_What is needed_: Ignoring every picture, transcribe the data in full as it stands.

_Entries shown_:

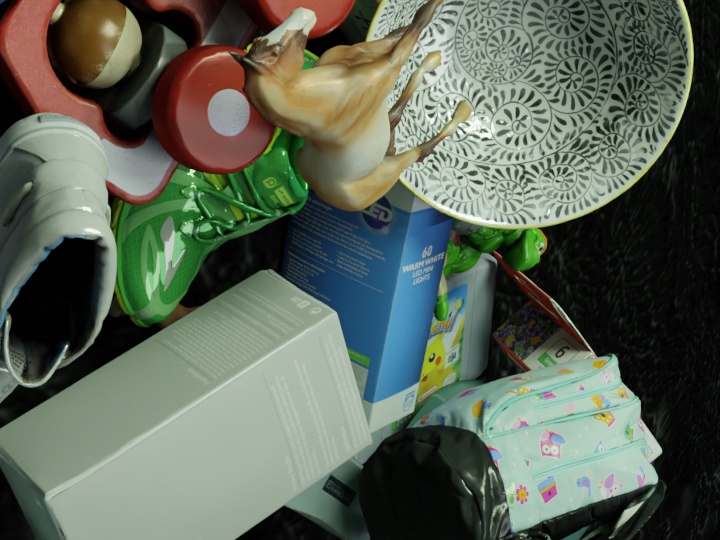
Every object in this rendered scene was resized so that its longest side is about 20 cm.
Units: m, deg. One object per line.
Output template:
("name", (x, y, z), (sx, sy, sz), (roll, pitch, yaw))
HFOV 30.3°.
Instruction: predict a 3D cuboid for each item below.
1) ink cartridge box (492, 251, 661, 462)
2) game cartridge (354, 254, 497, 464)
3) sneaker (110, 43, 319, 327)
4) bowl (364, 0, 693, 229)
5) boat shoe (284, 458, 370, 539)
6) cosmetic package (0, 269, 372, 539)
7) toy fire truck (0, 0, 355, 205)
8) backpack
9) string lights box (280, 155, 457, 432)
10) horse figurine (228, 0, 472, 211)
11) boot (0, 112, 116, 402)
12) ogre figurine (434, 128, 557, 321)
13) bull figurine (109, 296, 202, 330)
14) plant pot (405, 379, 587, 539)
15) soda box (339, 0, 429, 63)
("ink cartridge box", (0.166, 0.082, 1.117), (0.050, 0.109, 0.200), (-41, 121, -1))
("game cartridge", (0.045, 0.065, 1.101), (0.200, 0.040, 0.134), (-32, 132, -40))
("sneaker", (-0.080, -0.053, 0.795), (0.200, 0.083, 0.074), (-57, 145, -12))
("bowl", (0.097, -0.135, 0.833), (0.094, 0.200, 0.201), (-96, -168, -62))
("boat shoe", (-0.054, 0.138, 0.976), (0.071, 0.091, 0.200), (-54, 132, -15))
("cosmetic package", (-0.100, 0.099, 0.772), (0.200, 0.090, 0.107), (-29, 125, -24))
("toy fire truck", (-0.112, -0.147, 0.686), (0.168, 0.112, 0.200), (35, 81, -33))
("backpack", (0.116, 0.137, 0.936), (0.200, 0.167, 0.127), (-13, 90, -31))
("string lights box", (0.000, 0.000, 0.928), (0.059, 0.103, 0.200), (-19, 127, -49))
("horse figurine", (0.004, -0.084, 0.698), (0.133, 0.050, 0.200), (-42, 162, -16))
("boot", (-0.176, 0.025, 0.655), (0.073, 0.096, 0.200), (10, 127, -27))
("ogre figurine", (0.086, -0.038, 0.976), (0.120, 0.098, 0.200), (-30, 149, -57))
("bull figurine", (-0.131, 0.108, 0.851), (0.121, 0.065, 0.200), (22, 88, -51))
("plant pot", (0.102, 0.180, 1.132), (0.141, 0.141, 0.200), (-54, 151, 5))
("soda box", (0.029, -0.174, 0.886), (0.068, 0.063, 0.200), (-57, 148, -10))
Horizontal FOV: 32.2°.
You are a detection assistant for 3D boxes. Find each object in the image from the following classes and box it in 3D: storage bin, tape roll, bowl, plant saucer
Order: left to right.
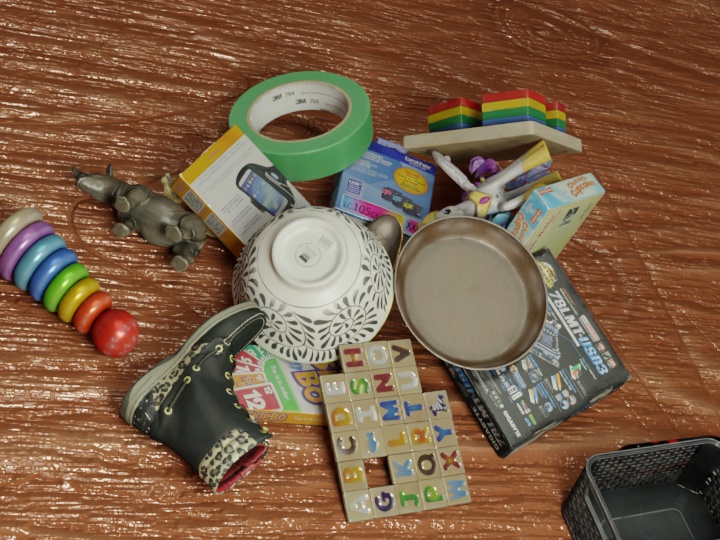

_Problem solution_:
Every object in this rendered scene was resized so that its longest side is about 20 cm.
Units: m, deg. One object per line.
Output template:
("name", (x, y, z), (sx, sy, sz), (roll, pitch, yaw))
HFOV 30.3°.
Instruction: predict a 3D cuboid for each item below.
1) ink cartridge box (492, 251, 661, 462)
2) game cartridge (354, 254, 497, 464)
3) sneaker (110, 43, 319, 327)
4) bowl (364, 0, 693, 229)
5) boat shoe (284, 458, 370, 539)
6) cosmetic package (0, 269, 372, 539)
7) toy fire truck (0, 0, 355, 205)
8) backpack
9) string lights box (280, 155, 457, 432)
10) horse figurine (228, 0, 472, 211)
11) boot (0, 112, 116, 402)
12) ogre figurine (434, 128, 557, 321)
13) bull figurine (109, 296, 202, 330)
14) plant pot (405, 379, 587, 539)
15) soda box (339, 0, 429, 63)
("ink cartridge box", (0.166, 0.082, 1.117), (0.050, 0.109, 0.200), (-41, 121, -1))
("game cartridge", (0.045, 0.065, 1.101), (0.200, 0.040, 0.134), (-32, 132, -40))
("sneaker", (-0.080, -0.053, 0.795), (0.200, 0.083, 0.074), (-57, 145, -12))
("bowl", (0.097, -0.135, 0.833), (0.094, 0.200, 0.201), (-96, -168, -62))
("boat shoe", (-0.054, 0.138, 0.976), (0.071, 0.091, 0.200), (-54, 132, -15))
("cosmetic package", (-0.100, 0.099, 0.772), (0.200, 0.090, 0.107), (-29, 125, -24))
("toy fire truck", (-0.112, -0.147, 0.686), (0.168, 0.112, 0.200), (35, 81, -33))
("backpack", (0.116, 0.137, 0.936), (0.200, 0.167, 0.127), (-13, 90, -31))
("string lights box", (0.000, 0.000, 0.928), (0.059, 0.103, 0.200), (-19, 127, -49))
("horse figurine", (0.004, -0.084, 0.698), (0.133, 0.050, 0.200), (-42, 162, -16))
("boot", (-0.176, 0.025, 0.655), (0.073, 0.096, 0.200), (10, 127, -27))
("ogre figurine", (0.086, -0.038, 0.976), (0.120, 0.098, 0.200), (-30, 149, -57))
("bull figurine", (-0.131, 0.108, 0.851), (0.121, 0.065, 0.200), (22, 88, -51))
("plant pot", (0.102, 0.180, 1.132), (0.141, 0.141, 0.200), (-54, 151, 5))
("soda box", (0.029, -0.174, 0.886), (0.068, 0.063, 0.200), (-57, 148, -10))
Horizontal FOV: 32.2°.
You are a detection assistant for 3D boxes. Find each object in the image from the following classes and box it in 3D: storage bin, tape roll, bowl, plant saucer
Order: left to right.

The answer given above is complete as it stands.